As noted in the preceding section, MPICH collective operations are implemented on top of MPICH point-to-point operations. MPICH collective operations retrieve the hidden communicator from the communicator passed in the argument list and then use standard MPI point-to-point calls with this hidden communicator. We use straightforward ``power-of-two''-based algorithms to provide scalability; however, considerable opportunities for further optimization remain.
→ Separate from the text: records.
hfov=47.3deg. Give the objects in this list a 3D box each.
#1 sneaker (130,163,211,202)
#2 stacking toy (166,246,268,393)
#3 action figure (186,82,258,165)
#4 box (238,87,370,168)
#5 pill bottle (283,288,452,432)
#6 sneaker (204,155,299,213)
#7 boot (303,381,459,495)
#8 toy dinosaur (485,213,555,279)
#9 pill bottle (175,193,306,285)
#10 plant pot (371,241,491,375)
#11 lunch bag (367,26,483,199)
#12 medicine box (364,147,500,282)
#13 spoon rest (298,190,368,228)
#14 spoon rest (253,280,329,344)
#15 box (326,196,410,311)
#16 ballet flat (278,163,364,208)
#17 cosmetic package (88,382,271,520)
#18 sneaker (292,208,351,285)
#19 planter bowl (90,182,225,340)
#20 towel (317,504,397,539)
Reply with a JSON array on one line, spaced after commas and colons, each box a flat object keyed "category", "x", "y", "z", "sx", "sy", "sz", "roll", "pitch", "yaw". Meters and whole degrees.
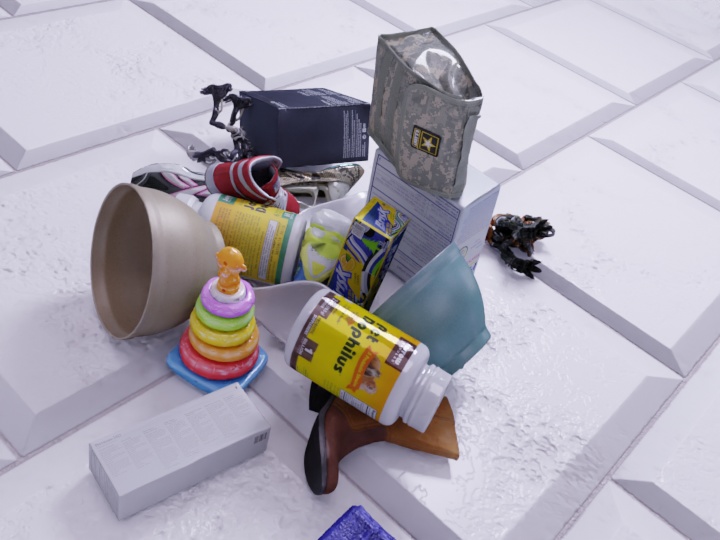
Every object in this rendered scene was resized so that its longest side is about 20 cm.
[{"category": "sneaker", "x": -0.279, "y": -0.115, "z": 1.321, "sx": 0.195, "sy": 0.081, "sz": 0.088, "roll": 1, "pitch": 64, "yaw": 0}, {"category": "stacking toy", "x": -0.173, "y": 0.050, "z": 1.049, "sx": 0.114, "sy": 0.203, "sz": 0.110, "roll": 25, "pitch": 39, "yaw": 15}, {"category": "action figure", "x": -0.233, "y": -0.214, "z": 1.436, "sx": 0.118, "sy": 0.100, "sz": 0.205, "roll": 11, "pitch": 70, "yaw": -52}, {"category": "box", "x": -0.105, "y": -0.262, "z": 1.488, "sx": 0.178, "sy": 0.107, "sz": 0.199, "roll": -7, "pitch": 22, "yaw": -27}, {"category": "pill bottle", "x": 0.011, "y": 0.115, "z": 1.017, "sx": 0.197, "sy": 0.111, "sz": 0.109, "roll": 29, "pitch": 40, "yaw": 11}, {"category": "sneaker", "x": -0.139, "y": -0.123, "z": 1.298, "sx": 0.111, "sy": 0.073, "sz": 0.198, "roll": -6, "pitch": -17, "yaw": 37}, {"category": "boot", "x": 0.029, "y": 0.219, "z": 1.044, "sx": 0.196, "sy": 0.069, "sz": 0.190, "roll": 16, "pitch": 30, "yaw": -11}, {"category": "toy dinosaur", "x": 0.261, "y": -0.056, "z": 1.440, "sx": 0.197, "sy": 0.104, "sz": 0.136, "roll": -23, "pitch": 33, "yaw": -15}, {"category": "pill bottle", "x": -0.187, "y": -0.051, "z": 1.240, "sx": 0.195, "sy": 0.114, "sz": 0.114, "roll": 14, "pitch": 38, "yaw": 0}, {"category": "plant pot", "x": 0.096, "y": 0.078, "z": 1.135, "sx": 0.135, "sy": 0.200, "sz": 0.200, "roll": 49, "pitch": 45, "yaw": 4}, {"category": "lunch bag", "x": 0.097, "y": -0.221, "z": 1.177, "sx": 0.115, "sy": 0.166, "sz": 0.201, "roll": -14, "pitch": 47, "yaw": -22}, {"category": "medicine box", "x": 0.103, "y": -0.083, "z": 1.304, "sx": 0.181, "sy": 0.203, "sz": 0.102, "roll": 37, "pitch": 47, "yaw": 27}, {"category": "spoon rest", "x": -0.027, "y": -0.089, "z": 1.384, "sx": 0.099, "sy": 0.062, "sz": 0.198, "roll": 38, "pitch": 43, "yaw": 27}, {"category": "spoon rest", "x": -0.117, "y": 0.052, "z": 1.155, "sx": 0.196, "sy": 0.102, "sz": 0.060, "roll": 17, "pitch": 7, "yaw": 15}, {"category": "box", "x": 0.000, "y": 0.000, "z": 1.164, "sx": 0.064, "sy": 0.202, "sz": 0.070, "roll": 31, "pitch": 40, "yaw": 9}, {"category": "ballet flat", "x": -0.082, "y": -0.142, "z": 1.437, "sx": 0.195, "sy": 0.068, "sz": 0.077, "roll": -4, "pitch": 62, "yaw": -18}, {"category": "cosmetic package", "x": -0.209, "y": 0.208, "z": 0.966, "sx": 0.197, "sy": 0.051, "sz": 0.083, "roll": -19, "pitch": 51, "yaw": -36}, {"category": "sneaker", "x": -0.066, "y": -0.020, "z": 1.259, "sx": 0.075, "sy": 0.106, "sz": 0.201, "roll": 28, "pitch": 25, "yaw": -1}, {"category": "planter bowl", "x": -0.265, "y": -0.010, "z": 1.114, "sx": 0.133, "sy": 0.203, "sz": 0.201, "roll": 3, "pitch": 36, "yaw": -40}, {"category": "towel", "x": 0.023, "y": 0.350, "z": 0.871, "sx": 0.198, "sy": 0.050, "sz": 0.147, "roll": 35, "pitch": 41, "yaw": 23}]

Although the basic implementation of MPICH collective operations uses
point-to-point operations, special versions of MPICH
collective operations exist. These special versions include both
vendor-supplied and shared-memory versions. In order to allow the use
of these special versions on a communicator-by-communicator basis,
each communicator contains a list of function pointers that point to
the functions that implement the collectives for that particular
communicator. Each communicator structure contains
a reference count so that communicators can share the same
list of pointers.
typedef struct MPIR_COLLOPS {
int (*Barrier) (MPI_Comm comm );
int (*Bcast) (void* buffer, int count, MPI_Datatype datatype,
int root, MPI_Comm comm );
... other function pointers ...
int ref_count; /* So we can share it */
} MPIR_COLLOPS;
Each MPI collective operation checks the validity of the input arguments, then
forwards the function arguments to the dereferenced function for the
particular communicator. This approach allows vendors to substitute
system-specific implementations for all or some of the collective routines.
Currently, Meiko, Intel, and Convex have provided vendor-specific collective
implementations. These implementations follow system-specific strategies; for
example, the Convex SPP collective routines makes use both of shared memory
and of the memory hierarchies in the SPP.